Светлый фон

Вечер прошел не так, как я ожидал, — лучше. Ни Колодяжный, ни его жена совсем не пытались меня воспитывать и готовить к трудностям предстоящей службы. Единственное, что я заметил, — они как-то исподволь, ненавязчиво хвалили свой городок, а приближающуюся полуполярную зиму (в декабре солнце здесь, оказывается, появляется всего часа на два) рисовали как распрекраснейшее время года. О лыжных прогулках и метелях рассказывали с восторгом. И знаете — их настроение передалось мне: захотелось, чтоб уж скорей наступила эта очаровательная зима — заснеженный кедровник, тропки в синих сугробах, раскачиваемые ветром, еле заметные в метель фонари. И дрова, полыхающие в жаркой печке нашего холостяцкого общежития… О том, каково в это время на стартовой позиции, я тогда не подумал.

Мы пили чай — крепкий, душистый, заваренный как-то по-особенному Татьяной Георгиевной. Колодяжный хвастал своими новыми приобретениями, и за вечер мы успели прослушать, пожалуй, пластинок пять. Наибольшее удовольствие я получил от Первой симфонии Чайковского (а написал-то он ее двадцати шести лет от роду!) и от Бранденбургских концертов Баха.

Часов в девять я уже невыносимо, постыдно хотел спать.

— Извините, — сказал я, — разрешите мне уйти, безбожно в сон клонит. Наверно — с дороги.

Горели вдоль просеки неяркие фонари и окна в домиках. Вверху, в черных провалах меж облаков, посверкивали редкие яркие звезды.

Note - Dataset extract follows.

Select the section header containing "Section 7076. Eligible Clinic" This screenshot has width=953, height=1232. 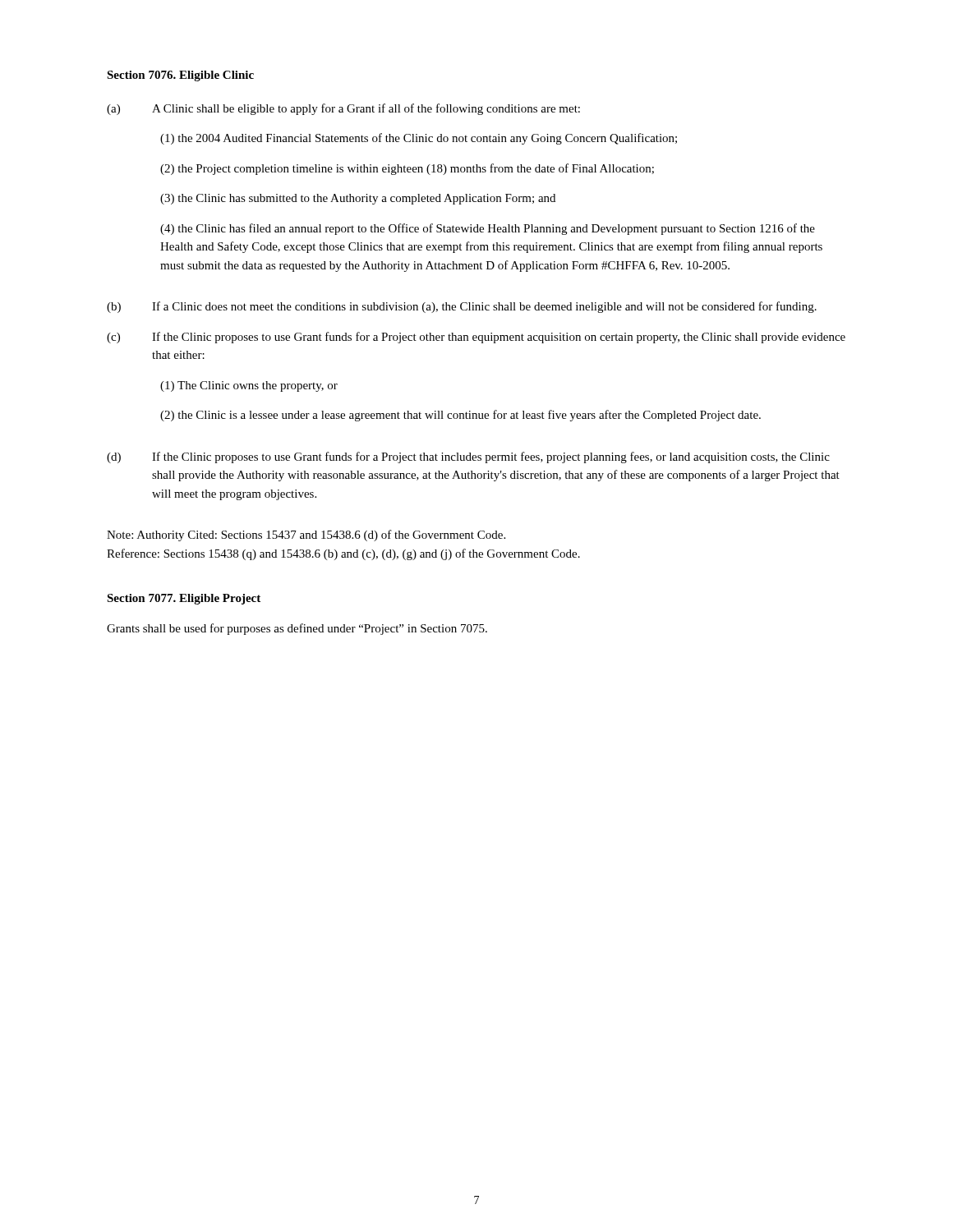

Странно, но тоски, которая внезапно охватила меня, когда я сидел один в комнате, этой тоски я сейчас не чувствовал. И одолеть ее, конечно же, помогли мне Колодяжные.

НОЧЬ ВОСПОМИНАНИЙ

НОЧЬ ВОСПОМИНАНИЙ

У них удивительная, какая-то странно-дикая логика, у этих ночных воспоминаний: вспоминаешь или то, что тебе приятно, или то, что лежит прямо перед тобой, на поверхности — так, чтобы не напрягать памяти. Плывешь по течению, одно цепляется за другое, это «другое» неожиданно извлекает откуда-то из тьмы нечто третье. И так без конца.

 

…Она не выглядела современной — наверно, потому, что принципиально не употребляла никакой косметики (ей это совсем не было нужно) и заплетала волосы в чудесные толстые косы. И, может быть, отчасти потому, что звали ее — Александрина. Не Александра, а именно Александрина.

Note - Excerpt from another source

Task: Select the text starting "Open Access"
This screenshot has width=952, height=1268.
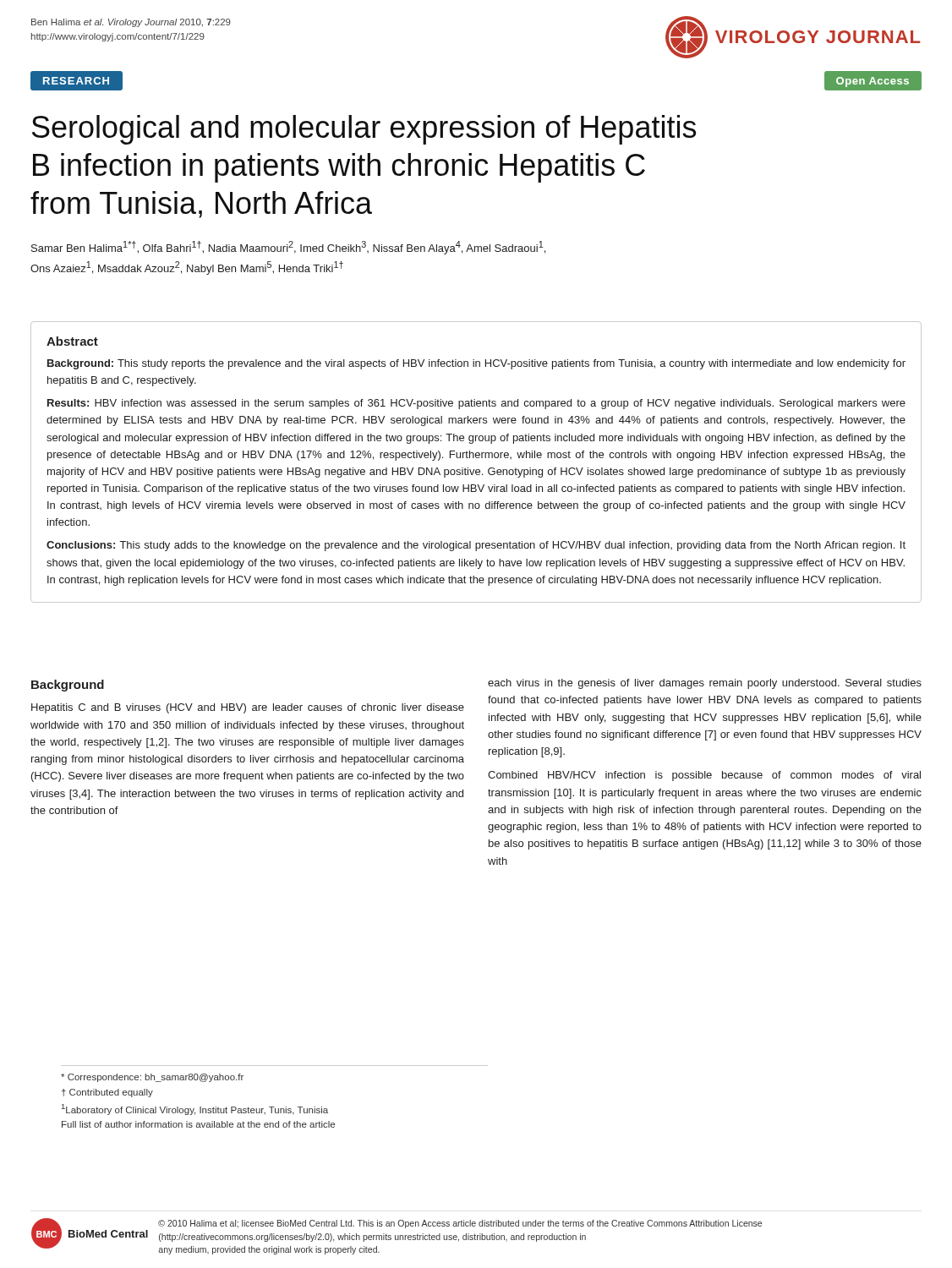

Мы — Борис Ивакин, я и почти все, кто ее знал, звали ее Риной. Сейчас в темной тишине нашей комнатки я видел ее перед собой — такой, какой она была в аэропорту чуть более двух суток назад. Большие серые, немножко печальные глаза, голубая спортивная куртка, вся на «молниях», и серо-синие, подвернутые над блестящими черными туфельками джинсы.